Alexis de Tocqueville, American Institutions and their Influence (1854)

Alexis de Tocqueville was a French political scientist, historian, and politician, who made a major contribution to liberal thought through his seminal Democracy in America, written after visiting a young United States during the 1830s. A member of the centre-left in French politics who thought that America’s broad democracy was a model of where European politics was heading, he nevertheless came to warn about how absolutist majority rule and the imposition of equality could pose a threat to individual freedom.

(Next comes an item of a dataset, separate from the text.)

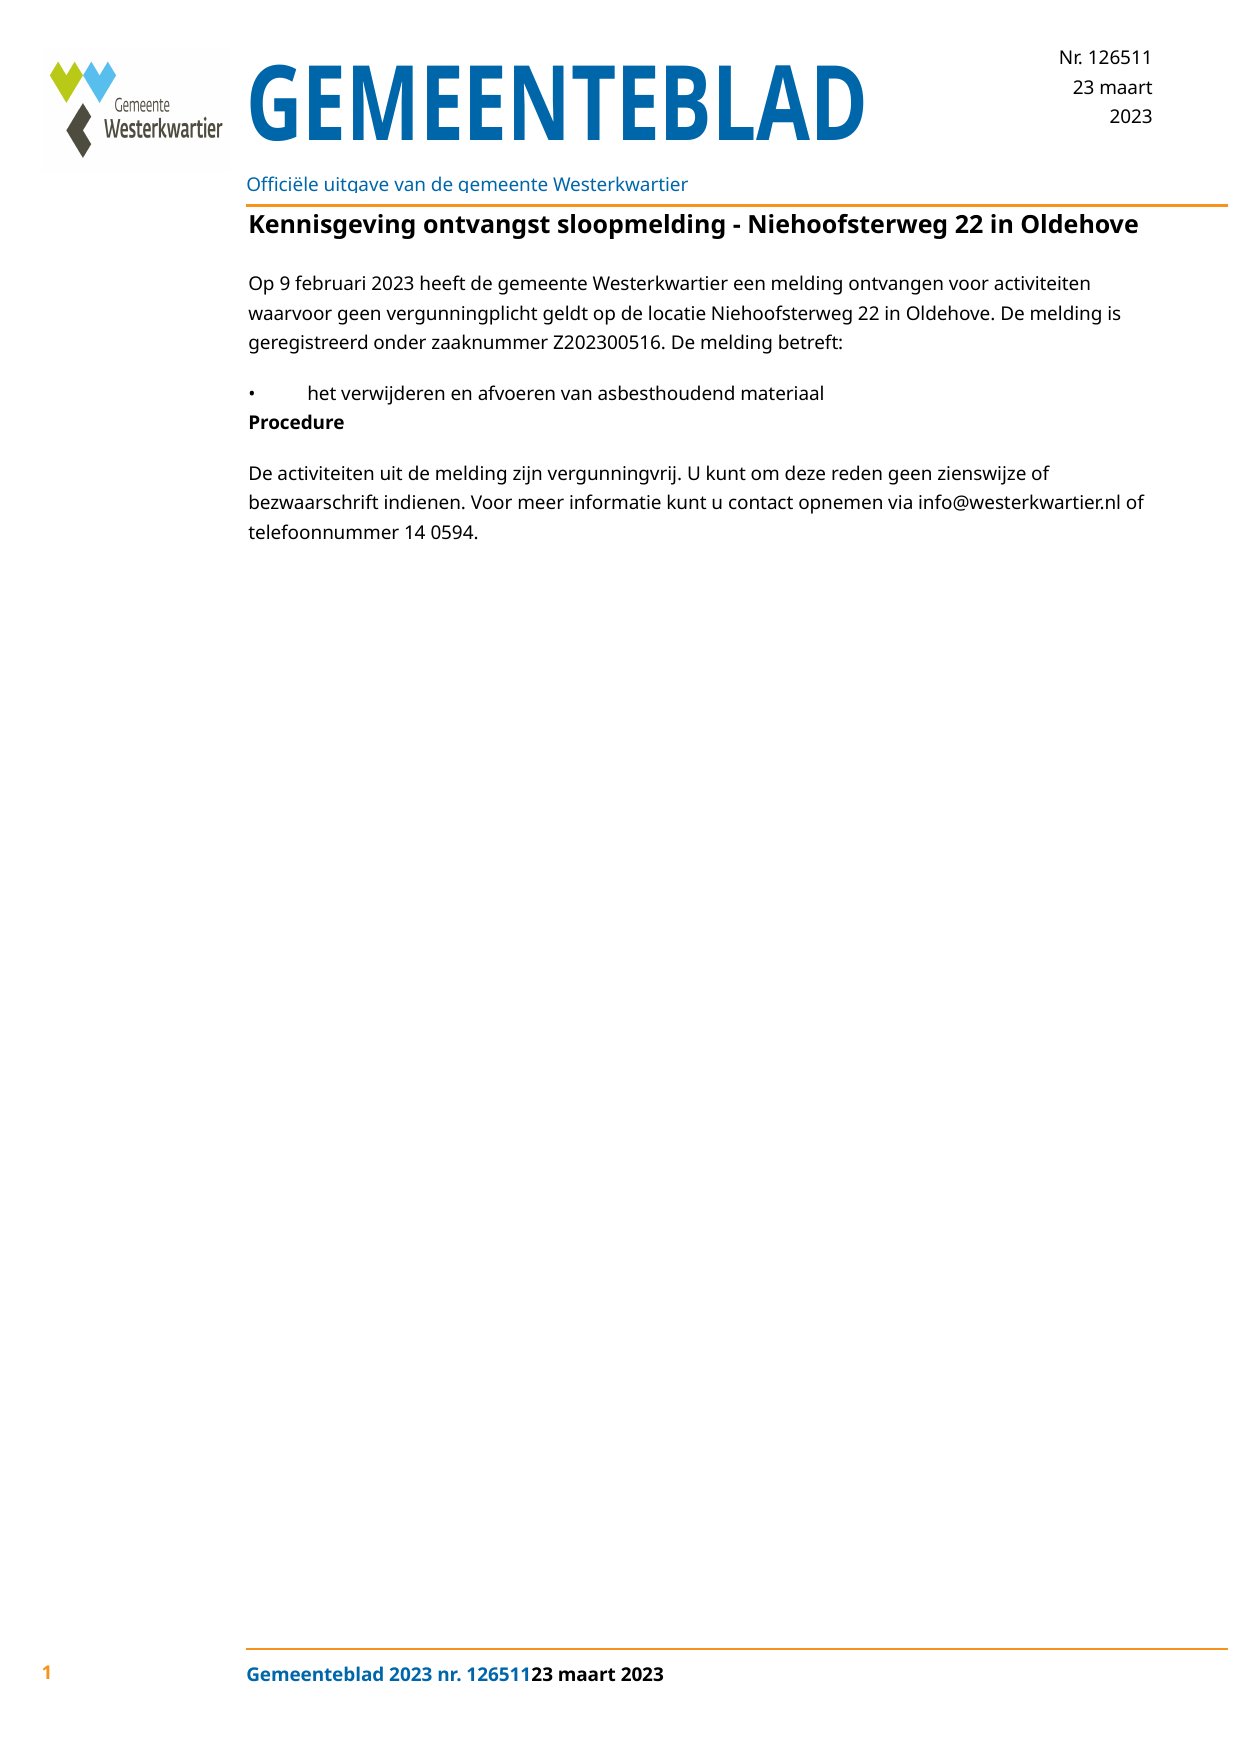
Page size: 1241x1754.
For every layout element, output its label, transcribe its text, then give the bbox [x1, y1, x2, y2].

American Institutions and their Influence, which Menzies bought a copy of in 1918 around the time he began his career as a lawyer – a copy which is marked by signs of intensive use, forms the second half of Democracy in America, but it arguably contains its most notable passages including Tocqueville’s discussion of the ‘tyranny of the majority’ which could be just as devastating as the tyranny of any dictator:

‘The very essence of democratic government consists in the absolute sovereignty of the majority: for there is nothing in democratic states which is capable of resisting it…. A majority taken collectively may be regarded as a being whose opinions, and most frequently whose interests, are opposed to those of another being, which is styled a minority. If it be admitted that a man, possessing absolute power, may misuse that power by wronging his adversaries, why should a majority not be liable to the same reproach? Men are not apt to change their characters by agglomeration; nor does their patience in the presence of obstacles increase with the consciousness of their strength. And for these reasons I can never willingly invest any number of my fellow-creatures with that unlimited authority which I should refuse to any one of them…

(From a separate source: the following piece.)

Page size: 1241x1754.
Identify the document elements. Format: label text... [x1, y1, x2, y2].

Unlimited power is in itself a bad and dangerous thing; human beings are not competent to exercise it with discretion; and God alone can be omnipotent, because his wisdom and his justice are always equal to his power. But no power upon earth is so worthy of honour for itself, or of reverential obedience to the rights which it represents, that I would consent to admit its uncontrolled and all-predominate authority. When I see that the right and the means of absolute command are conferred on a people or upon a king, upon an aristocracy or a democracy, a monarchy or a republic, I recognise the germ of tyranny, and I journey onward to a land of more hopeful institutions.

In my opinion the main evil of the present democratic institutions of the United States does not arise, as is often asserted in Europe, from their weakness, but from their over-powering strength; and I am not so much alarmed at the excessive liberty which reigns in that country, as at the very inadequate securities which exist against tyranny.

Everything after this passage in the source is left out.